Ich finde den immer wieder gezogenen Vergleich mit der Büchse der Pandora sehr unpassend. Wenn die Büchse der Pandora nicht geöffnet wird, bleibt das Unheil einfach drin und nichts passiert. So einfach ist das mit der Büchse, die wir mit uns rumtragen leider nicht. Mir erscheint der Vergleich mit einem Dampfkochtopf mit verklemmtem Ventil eigentlich passender. Kocht er weiter vor sich hin, explodiert er. Wird der Deckel unvorsichtig geöffnet, gibt es eine riesen Sauerei und es besteht Verletzungsgefahr.
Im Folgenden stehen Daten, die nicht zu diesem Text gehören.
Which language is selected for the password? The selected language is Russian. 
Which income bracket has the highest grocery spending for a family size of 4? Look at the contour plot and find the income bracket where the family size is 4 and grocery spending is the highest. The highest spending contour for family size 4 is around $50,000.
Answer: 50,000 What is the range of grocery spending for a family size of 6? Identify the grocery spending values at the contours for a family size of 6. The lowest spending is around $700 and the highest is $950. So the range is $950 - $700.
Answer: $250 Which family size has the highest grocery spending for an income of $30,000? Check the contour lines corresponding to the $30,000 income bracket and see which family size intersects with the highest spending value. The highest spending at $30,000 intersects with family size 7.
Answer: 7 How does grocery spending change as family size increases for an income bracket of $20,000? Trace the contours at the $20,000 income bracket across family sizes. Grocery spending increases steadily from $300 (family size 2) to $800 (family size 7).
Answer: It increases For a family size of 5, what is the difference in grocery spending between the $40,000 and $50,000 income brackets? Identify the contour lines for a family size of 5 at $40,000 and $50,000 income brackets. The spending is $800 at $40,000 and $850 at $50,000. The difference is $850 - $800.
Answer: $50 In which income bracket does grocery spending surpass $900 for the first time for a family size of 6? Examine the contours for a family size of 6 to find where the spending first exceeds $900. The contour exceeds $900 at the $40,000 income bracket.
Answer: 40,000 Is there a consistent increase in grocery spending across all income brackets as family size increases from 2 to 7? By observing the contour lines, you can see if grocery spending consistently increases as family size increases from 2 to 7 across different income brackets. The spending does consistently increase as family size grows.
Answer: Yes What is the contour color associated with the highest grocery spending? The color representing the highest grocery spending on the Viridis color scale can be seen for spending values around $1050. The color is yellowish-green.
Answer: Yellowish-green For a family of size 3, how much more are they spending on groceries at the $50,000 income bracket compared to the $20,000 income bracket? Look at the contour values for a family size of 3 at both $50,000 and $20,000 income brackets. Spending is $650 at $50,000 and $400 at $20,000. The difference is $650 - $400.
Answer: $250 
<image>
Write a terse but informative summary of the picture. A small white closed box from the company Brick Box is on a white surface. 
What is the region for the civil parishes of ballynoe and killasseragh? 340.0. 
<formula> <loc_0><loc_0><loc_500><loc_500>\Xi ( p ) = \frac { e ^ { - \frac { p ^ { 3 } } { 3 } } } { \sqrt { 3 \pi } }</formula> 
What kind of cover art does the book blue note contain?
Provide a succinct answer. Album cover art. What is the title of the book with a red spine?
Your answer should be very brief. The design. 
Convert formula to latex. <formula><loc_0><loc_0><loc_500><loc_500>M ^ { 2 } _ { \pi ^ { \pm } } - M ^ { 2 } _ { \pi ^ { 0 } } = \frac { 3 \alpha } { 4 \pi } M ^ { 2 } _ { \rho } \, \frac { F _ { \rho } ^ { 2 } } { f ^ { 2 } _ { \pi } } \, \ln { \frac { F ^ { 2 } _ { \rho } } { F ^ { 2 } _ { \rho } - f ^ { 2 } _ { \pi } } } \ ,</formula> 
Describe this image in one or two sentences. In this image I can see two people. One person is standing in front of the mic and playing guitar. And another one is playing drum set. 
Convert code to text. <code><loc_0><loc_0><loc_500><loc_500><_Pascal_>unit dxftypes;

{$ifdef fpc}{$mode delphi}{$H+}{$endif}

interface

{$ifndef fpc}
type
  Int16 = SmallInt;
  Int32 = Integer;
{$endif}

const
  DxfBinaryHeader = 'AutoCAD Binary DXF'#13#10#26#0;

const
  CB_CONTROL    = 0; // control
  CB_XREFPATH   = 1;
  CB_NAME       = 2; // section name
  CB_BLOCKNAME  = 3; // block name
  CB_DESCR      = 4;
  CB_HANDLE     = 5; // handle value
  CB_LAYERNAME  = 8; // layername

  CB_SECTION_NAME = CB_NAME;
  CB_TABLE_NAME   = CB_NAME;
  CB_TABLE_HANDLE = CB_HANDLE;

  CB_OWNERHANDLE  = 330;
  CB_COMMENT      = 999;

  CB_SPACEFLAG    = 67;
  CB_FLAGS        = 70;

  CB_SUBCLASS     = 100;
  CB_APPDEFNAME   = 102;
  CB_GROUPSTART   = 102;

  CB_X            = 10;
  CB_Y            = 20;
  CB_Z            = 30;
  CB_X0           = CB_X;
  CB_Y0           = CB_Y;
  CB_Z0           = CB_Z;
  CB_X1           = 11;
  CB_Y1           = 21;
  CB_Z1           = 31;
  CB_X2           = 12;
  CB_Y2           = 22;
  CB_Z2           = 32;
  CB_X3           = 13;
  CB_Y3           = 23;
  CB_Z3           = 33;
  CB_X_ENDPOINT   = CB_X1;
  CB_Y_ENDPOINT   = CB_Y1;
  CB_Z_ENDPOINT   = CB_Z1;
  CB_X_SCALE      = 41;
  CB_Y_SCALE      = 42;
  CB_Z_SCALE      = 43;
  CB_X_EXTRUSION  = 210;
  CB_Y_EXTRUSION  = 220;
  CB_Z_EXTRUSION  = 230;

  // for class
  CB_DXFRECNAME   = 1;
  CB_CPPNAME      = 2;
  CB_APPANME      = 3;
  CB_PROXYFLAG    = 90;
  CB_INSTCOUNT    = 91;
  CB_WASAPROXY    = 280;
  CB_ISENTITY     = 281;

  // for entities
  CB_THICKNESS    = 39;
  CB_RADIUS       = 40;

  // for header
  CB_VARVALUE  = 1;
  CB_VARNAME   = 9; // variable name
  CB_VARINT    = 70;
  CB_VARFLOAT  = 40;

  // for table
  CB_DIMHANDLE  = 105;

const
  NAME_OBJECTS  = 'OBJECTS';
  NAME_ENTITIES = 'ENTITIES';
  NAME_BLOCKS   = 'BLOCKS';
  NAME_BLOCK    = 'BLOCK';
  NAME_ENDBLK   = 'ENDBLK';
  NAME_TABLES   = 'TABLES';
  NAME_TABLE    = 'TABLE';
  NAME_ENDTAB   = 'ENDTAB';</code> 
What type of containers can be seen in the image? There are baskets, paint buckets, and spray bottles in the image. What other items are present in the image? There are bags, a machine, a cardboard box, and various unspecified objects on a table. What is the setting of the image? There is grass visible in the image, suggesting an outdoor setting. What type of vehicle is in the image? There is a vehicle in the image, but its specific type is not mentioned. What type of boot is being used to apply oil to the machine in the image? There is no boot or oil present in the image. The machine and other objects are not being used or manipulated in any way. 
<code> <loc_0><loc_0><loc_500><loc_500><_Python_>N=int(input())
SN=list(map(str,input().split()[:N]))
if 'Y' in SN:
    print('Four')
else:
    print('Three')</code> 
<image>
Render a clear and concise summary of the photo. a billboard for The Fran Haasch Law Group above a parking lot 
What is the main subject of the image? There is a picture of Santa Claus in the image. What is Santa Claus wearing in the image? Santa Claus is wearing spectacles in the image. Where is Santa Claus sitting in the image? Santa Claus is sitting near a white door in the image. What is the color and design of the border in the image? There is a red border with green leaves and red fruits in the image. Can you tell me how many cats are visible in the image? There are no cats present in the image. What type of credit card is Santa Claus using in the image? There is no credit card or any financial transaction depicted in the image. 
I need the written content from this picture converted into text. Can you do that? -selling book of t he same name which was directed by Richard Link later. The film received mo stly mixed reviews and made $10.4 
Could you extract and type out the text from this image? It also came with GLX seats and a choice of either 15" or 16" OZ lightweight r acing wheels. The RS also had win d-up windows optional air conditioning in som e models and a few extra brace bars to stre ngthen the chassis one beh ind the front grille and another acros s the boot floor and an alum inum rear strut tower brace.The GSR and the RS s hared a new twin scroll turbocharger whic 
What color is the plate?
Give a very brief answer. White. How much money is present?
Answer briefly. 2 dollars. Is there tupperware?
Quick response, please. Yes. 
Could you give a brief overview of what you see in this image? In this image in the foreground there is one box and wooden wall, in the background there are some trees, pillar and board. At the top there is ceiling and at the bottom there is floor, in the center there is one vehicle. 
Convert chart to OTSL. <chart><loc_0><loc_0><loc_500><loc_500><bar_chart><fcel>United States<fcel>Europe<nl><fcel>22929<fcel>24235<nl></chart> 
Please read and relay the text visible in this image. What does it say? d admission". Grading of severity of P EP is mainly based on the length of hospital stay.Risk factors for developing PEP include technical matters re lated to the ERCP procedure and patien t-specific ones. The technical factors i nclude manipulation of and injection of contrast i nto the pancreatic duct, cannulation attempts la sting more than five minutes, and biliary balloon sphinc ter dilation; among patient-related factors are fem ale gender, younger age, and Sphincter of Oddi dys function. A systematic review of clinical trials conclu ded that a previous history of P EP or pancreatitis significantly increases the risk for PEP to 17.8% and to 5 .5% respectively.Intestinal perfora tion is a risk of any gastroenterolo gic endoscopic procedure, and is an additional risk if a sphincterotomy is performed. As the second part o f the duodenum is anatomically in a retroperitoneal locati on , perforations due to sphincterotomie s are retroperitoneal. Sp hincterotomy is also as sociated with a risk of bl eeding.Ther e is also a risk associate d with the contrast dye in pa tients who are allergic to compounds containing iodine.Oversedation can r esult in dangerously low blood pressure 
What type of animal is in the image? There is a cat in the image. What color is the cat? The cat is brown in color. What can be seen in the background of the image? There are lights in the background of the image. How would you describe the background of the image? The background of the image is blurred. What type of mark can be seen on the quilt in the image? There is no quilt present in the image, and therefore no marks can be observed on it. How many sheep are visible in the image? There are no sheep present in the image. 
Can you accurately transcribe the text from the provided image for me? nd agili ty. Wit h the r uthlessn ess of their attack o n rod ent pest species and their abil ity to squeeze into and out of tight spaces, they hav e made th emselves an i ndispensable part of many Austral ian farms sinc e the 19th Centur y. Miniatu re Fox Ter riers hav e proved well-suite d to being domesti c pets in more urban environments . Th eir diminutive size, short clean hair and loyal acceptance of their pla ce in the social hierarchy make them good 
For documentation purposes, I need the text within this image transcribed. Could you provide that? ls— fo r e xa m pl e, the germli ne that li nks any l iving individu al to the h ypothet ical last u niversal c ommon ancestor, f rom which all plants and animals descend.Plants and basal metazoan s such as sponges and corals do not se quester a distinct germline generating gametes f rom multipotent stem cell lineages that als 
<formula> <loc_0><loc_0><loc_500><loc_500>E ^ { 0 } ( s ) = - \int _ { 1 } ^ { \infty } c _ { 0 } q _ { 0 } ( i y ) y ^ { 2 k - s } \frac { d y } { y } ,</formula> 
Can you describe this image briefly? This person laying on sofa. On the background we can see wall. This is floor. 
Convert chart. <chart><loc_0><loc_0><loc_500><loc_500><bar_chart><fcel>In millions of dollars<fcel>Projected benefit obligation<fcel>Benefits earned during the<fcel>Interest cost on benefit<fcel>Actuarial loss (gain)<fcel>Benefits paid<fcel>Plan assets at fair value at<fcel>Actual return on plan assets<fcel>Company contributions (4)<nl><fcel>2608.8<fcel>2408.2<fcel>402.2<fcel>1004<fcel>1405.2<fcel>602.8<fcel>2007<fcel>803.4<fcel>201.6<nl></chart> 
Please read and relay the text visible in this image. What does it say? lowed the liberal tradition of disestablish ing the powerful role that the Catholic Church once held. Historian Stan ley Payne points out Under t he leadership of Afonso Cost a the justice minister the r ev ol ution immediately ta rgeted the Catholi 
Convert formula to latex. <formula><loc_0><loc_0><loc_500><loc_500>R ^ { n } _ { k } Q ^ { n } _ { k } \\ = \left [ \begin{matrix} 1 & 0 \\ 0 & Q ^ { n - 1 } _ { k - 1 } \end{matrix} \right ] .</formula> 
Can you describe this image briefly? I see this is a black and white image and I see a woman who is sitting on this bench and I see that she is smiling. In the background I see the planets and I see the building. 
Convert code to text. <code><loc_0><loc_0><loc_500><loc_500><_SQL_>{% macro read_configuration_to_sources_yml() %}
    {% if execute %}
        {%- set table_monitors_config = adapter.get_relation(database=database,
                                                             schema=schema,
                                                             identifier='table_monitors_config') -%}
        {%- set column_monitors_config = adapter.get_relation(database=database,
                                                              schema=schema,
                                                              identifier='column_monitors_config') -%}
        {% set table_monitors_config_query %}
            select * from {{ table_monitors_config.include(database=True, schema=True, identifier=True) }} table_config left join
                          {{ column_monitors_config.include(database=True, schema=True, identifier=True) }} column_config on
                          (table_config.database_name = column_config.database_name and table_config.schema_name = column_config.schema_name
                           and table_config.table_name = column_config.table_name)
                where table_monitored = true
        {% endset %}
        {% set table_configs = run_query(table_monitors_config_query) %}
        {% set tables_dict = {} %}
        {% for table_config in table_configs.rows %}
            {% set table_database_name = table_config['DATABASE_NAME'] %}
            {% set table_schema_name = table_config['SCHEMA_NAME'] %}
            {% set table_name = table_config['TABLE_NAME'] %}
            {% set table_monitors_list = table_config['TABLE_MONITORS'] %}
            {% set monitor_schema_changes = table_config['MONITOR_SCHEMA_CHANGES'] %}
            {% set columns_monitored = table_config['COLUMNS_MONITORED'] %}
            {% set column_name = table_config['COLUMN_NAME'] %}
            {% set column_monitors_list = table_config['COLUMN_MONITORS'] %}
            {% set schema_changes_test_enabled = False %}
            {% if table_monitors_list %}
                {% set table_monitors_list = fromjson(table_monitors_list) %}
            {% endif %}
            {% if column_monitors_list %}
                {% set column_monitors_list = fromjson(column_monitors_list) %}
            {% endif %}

Wird der Deckel ganz vorsichtig geöffnet oder das Ventil gangbar gemacht kann der Druck entweichen, der Inhalt pegelt sich auf ein bestimmtes Niveau ein und nichts passiert.
Aus der Sicht eines Mannes, der 35 Jahre den Druck ausgehalten hat, kann ich dir bestätigen, dass ein nur zeitweises Ausleben der weiblichen Seite durchaus ausreichend sein kann. Das Niveau hat sich eingependelt. Wichtig ist das Wissen: Ich kann und ich darf, dann baut sich auch kein neuer Druck auf.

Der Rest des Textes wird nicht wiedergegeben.